It has been a rough few months for the internet.
In June, Fastly Inc.’s content-delivery network failure forced some of the world’s biggest e-commerce and media websites offline. Later, there were massive data breaches at T-Mobile US Inc. and Amazon.com Inc.’s Twitch streaming service. And last week, Facebook Inc.’s main social networks, Instagram and WhatsApp, were down for about six hours. Then on Friday, it happened again – albeit more briefly.
All the incidents had a common corporate response. It goes something like this: We are sorry, it was an unintentional configuration error, we’ll do better next time! After Facebook’s outage, the engineering director at security software firm Cloudflare Inc. called it a reminder about the fragile nature of the internet, where millions of interconnected systems are dependent on each other to make it work.
There was a time in the early days of the web when these excuses would be acceptable. But the internet, and many of these companies, now constitute the backbone of the modern economy. Billions of consumers and millions of small businesses rely on Facebook’s communication tools for daily living. If the web is held together by rubber bands and toothpicks, it’s clear that the U.S. needs to take urgent action to mitigate those vulnerabilities.
What can be done? First, we should hold companies accountable when they fail to implement proper safeguards and security policies. The sheer frequency of the problems shows the industry, in aggregate, doesn’t take the issue seriously. Companies don’t prioritize the problem or invest enough to fix it.
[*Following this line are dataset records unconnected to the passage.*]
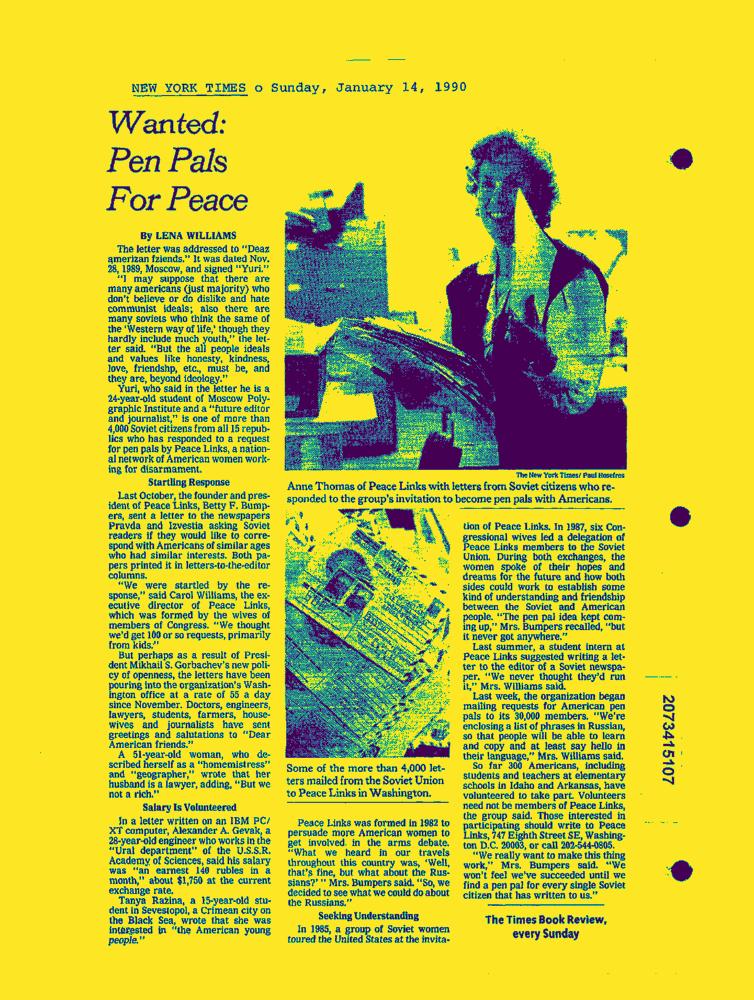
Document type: News-Article
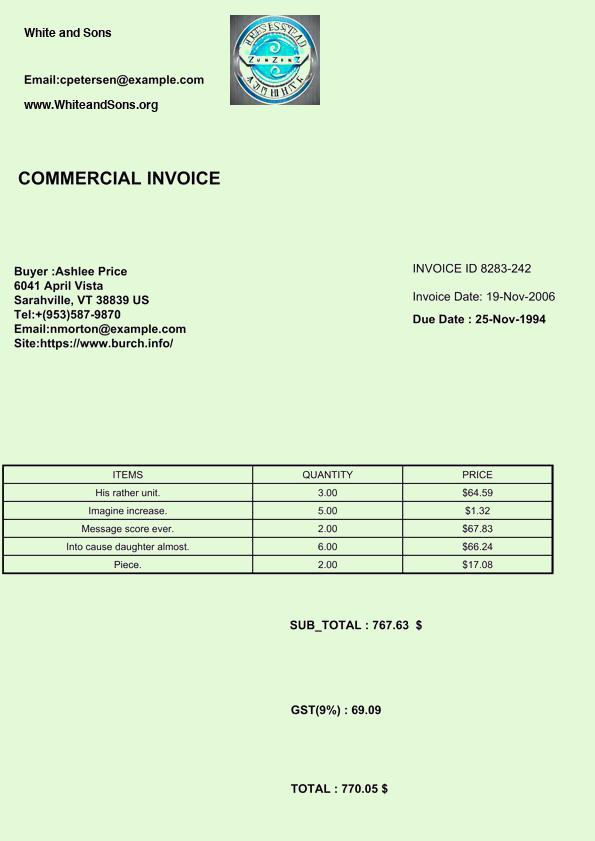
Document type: Invoice
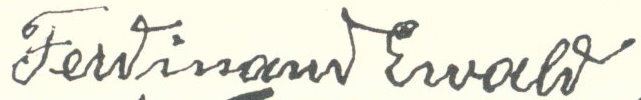
Signature of: ferdinand ewald
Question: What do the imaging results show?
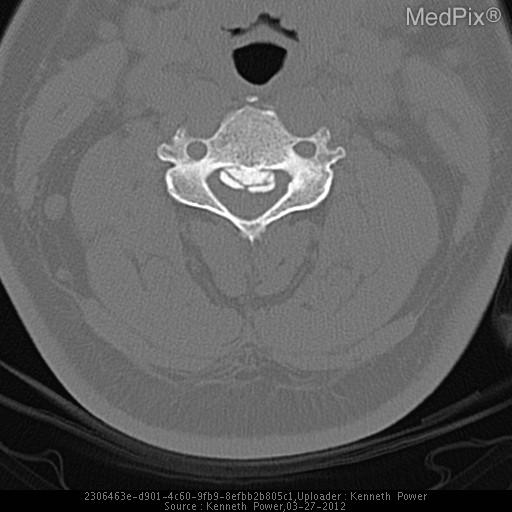
Answer: The imaging shows •  Plain Films, CT, and MR demonstrate Ossification of the Posterior Longitudinal Ligament (OPLL) with subsequent marked narrowing of the spinal canal.

That’s why it’s important to make negligence much more painful by raising the size of financial penalties and increasing the liabilities for management teams.
T-Mobile is one of the most egregious examples. According to the Wall Street Journal, a self-proclaimed hacker said he was able to get inside the wireless carrier’s systems through an unprotected router, with devastating consequences. The company revealed in August that personal data for nearly 50 million accounts were compromised – including some Social Security numbers and driver’s licenses. Incredibly, this last incident is T-Mobile’s fifth data breach over roughly the last three years.
Another possible fix would be to increase governmental oversight. With Facebook and Fastly saying their outages were based on simple employee errors, I shudder to consider the level of damage a rogue employee or a state-sponsored actor could cause. Similar to how the Federal Reserve’s bank examiners aim to prevent systemic risk by working on-site at financial institutions, a new team of regulators should get authority to inspect key technology companies’ redundancy and security plans. At a minimum, we need to do whatever it takes to reduce future human network configuration errors.
Yes, the Biden administration has acknowledged the importance of the country’s internet vulnerabilities on national security and economy security grounds. But thus far, the White House has not done much to closely regulate the private sector other than to develop voluntary standards. Governments need to be more forceful.
We can’t keep letting companies off the hook. There’s much to be done to prevent the worst-case scenario from becoming a reality.